The director looks mortally offended. “Mehnaz Elahi,” he tells me.

“Never heard of her,” I admit cheerfully. “Have I met her?”

I am not just being crass. There is a flood of new actresses washing up at the feet of producers these days. With the problems they are having getting dates for the handful of recognized big-name females who can still draw crowds at the box office (as poor Abha, falsies notwithstanding, no longer can), one way out for many producers is to cast an established hero against an up-and-coming heroine. I don't mind too much because this new crop of heroines is good-looking, articulate, and largely uninhibited. The periods of enforced idleness at every shooting pass very pleasantly indeed in their company.

“I think she was at the
muhurat”
the director says, “but I remember you made only a fleeting appearance.”

“Ah, yes, that's possible.” I am slightly embarrassed. The
muhurat
of any film, the auspicious moment when the opening shot is canned, is not an event its star is supposed to miss. But Subramanyam had, bless him, “given dates.” Not that I minded too much.
Muhurats
are packed with oversize individuals in undersize clothes, their eyes and thighs gleaming with a synthetic sheen. When they are not emitting raucous cries of recognition (while looking, in the midst of each embrace, for the next famous face to recognize) their tendency is to drape refulgent garlands on every available tripod, clapper board, or neck. I'm happy to avoid them. In any case, marigolds make me sneeze.

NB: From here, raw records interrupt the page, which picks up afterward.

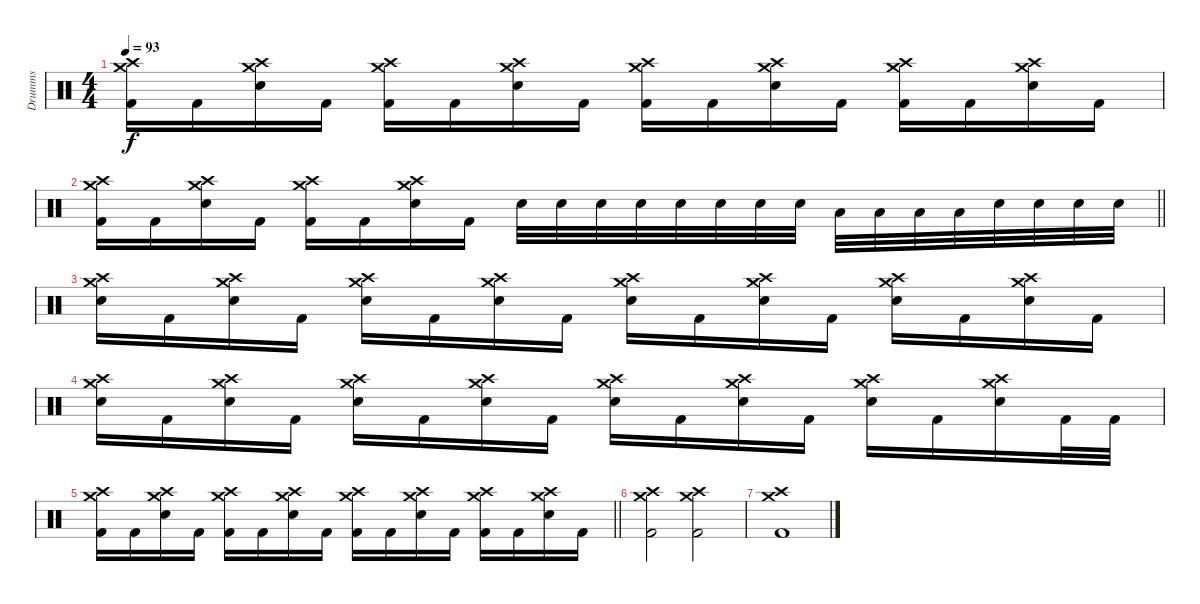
\track ("Drumms" "Drumms") {instrument percussion}
\staff {score}
\articulation defaults
\ts (4 4)
\tempo 93
\clef neutral
\ks c
("Crash medium (hit)" "Crash high (hit)" "Kick (hit) 2").16{dy f} "Kick (hit) 2".16 ("Crash medium (hit)" "Crash high (hit)" "Electric Snare (hit)").16 "Kick (hit) 2".16 ("Crash medium (hit)" "Crash high (hit)" "Kick (hit) 2").16 "Kick (hit) 2".16 ("Crash medium (hit)" "Crash high (hit)" "Electric Snare (hit)").16 "Kick (hit) 2".16 ("Crash medium (hit)" "Crash high (hit)" "Kick (hit) 2").16 "Kick (hit) 2".16 ("Crash medium (hit)" "Crash high (hit)" "Electric Snare (hit)").16 "Kick (hit) 2".16 ("Crash medium (hit)" "Crash high (hit)" "Kick (hit) 2").16 "Kick (hit) 2".16 ("Crash medium (hit)" "Crash high (hit)" "Electric Snare (hit)").16 "Kick (hit) 2".16 |
\barLineRight lightlight
("Crash medium (hit)" "Crash high (hit)" "Kick (hit) 2").16 "Kick (hit) 2".16 ("Crash medium (hit)" "Crash high (hit)" "Electric Snare (hit)").16 "Kick (hit) 2".16 ("Crash medium (hit)" "Crash high (hit)" "Kick (hit) 2").16 "Kick (hit) 2".16 ("Crash medium (hit)" "Crash high (hit)" "Electric Snare (hit)").16 "Kick (hit) 2".16 "Electric Snare (hit)".32 "Electric Snare (hit)".32 "Electric Snare (hit)".32 "Electric Snare (hit)".32 "Snare (hit) 2".32 "Snare (hit) 2".32 "Snare (hit) 2".32 "Snare (hit) 2".32 "Low Tom (hit)".32 "Low Tom (hit)".32 "Low Tom (hit)".32 "Low Tom (hit)".32 "Snare (hit) 2".32 "Snare (hit) 2".32 "Snare (hit) 2".32 "Snare (hit) 2".32 |
("Crash medium (hit)" "Crash high (hit)" "Electric Snare (hit)").16 "Kick (hit) 2".16 ("Crash medium (hit)" "Crash high (hit)" "Electric Snare (hit)").16 "Kick (hit) 2".16 ("Crash medium (hit)" "Crash high (hit)" "Electric Snare (hit)").16 "Kick (hit) 2".16 ("Crash medium (hit)" "Crash high (hit)" "Electric Snare (hit)").16 "Kick (hit) 2".16 ("Crash medium (hit)" "Crash high (hit)" "Electric Snare (hit)").16 "Kick (hit) 2".16 ("Crash medium (hit)" "Crash high (hit)" "Electric Snare (hit)").16 "Kick (hit) 2".16 ("Crash medium (hit)" "Crash high (hit)" "Electric Snare (hit)").16 "Kick (hit) 2".16 ("Crash medium (hit)" "Crash high (hit)" "Electric Snare (hit)").16 "Kick (hit) 2".16 |
("Crash medium (hit)" "Crash high (hit)" "Electric Snare (hit)").16 "Kick (hit) 2".16 ("Crash medium (hit)" "Crash high (hit)" "Electric Snare (hit)").16 "Kick (hit) 2".16 ("Crash medium (hit)" "Crash high (hit)" "Electric Snare (hit)").16 "Kick (hit) 2".16 ("Crash medium (hit)" "Crash high (hit)" "Electric Snare (hit)").16 "Kick (hit) 2".16 ("Crash medium (hit)" "Crash high (hit)" "Electric Snare (hit)").16 "Kick (hit) 2".16 ("Crash medium (hit)" "Crash high (hit)" "Electric Snare (hit)").16 "Kick (hit) 2".16 ("Crash medium (hit)" "Crash high (hit)" "Electric Snare (hit)").16 "Kick (hit) 2".16 ("Crash medium (hit)" "Crash high (hit)" "Electric Snare (hit)").16 "Kick (hit) 2".32 "Kick (hit) 2".32 |
\barLineRight lightlight
("Crash medium (hit)" "Crash high (hit)" "Kick (hit) 2").16 "Kick (hit) 2".16 ("Crash medium (hit)" "Crash high (hit)" "Electric Snare (hit)").16 "Kick (hit) 2".16 ("Crash medium (hit)" "Crash high (hit)" "Kick (hit) 2").16 "Kick (hit) 2".16 ("Crash medium (hit)" "Crash high (hit)" "Electric Snare (hit)").16 "Kick (hit) 2".16 ("Crash medium (hit)" "Crash high (hit)" "Kick (hit) 2").16 "Kick (hit) 2".16 ("Crash medium (hit)" "Crash high (hit)" "Electric Snare (hit)").16 "Kick (hit) 2".16 ("Crash medium (hit)" "Crash high (hit)" "Kick (hit) 2").16 "Kick (hit) 2".16 ("Crash medium (hit)" "Crash high (hit)" "Electric Snare (hit)").16 "Kick (hit) 2".16 |
("Crash medium (hit)" "Crash high (hit)" "Kick (hit) 2").2 ("Crash medium (hit)" "Crash high (hit)" "Kick (hit) 2").2 |
("Crash medium (hit)" "Crash high (hit)" "Kick (hit) 2").1

“OK, the signs up,” says The Boy. “Let's go.” The cameraman takes up position. So do the rowdies. A sound man crouches behind the car, holding a mike on a fishing rod.

“Start sound! Camera! Action!”

The rowdies start their harassment. The girl in the straw hat looks helpless. I march in, upbraid them. They are not much impressed by my invocation of their mothers and sisters. They are more impressed by my fists. This is not a choreographed stunt scene, merely an impromptu thrashing. One or two of my blows almost make contact, but I manage to stop them just short, knowing from prior carelessness how painful sore hands can be. They turn tail and flee. I turn to the damsel I have rescued from distress.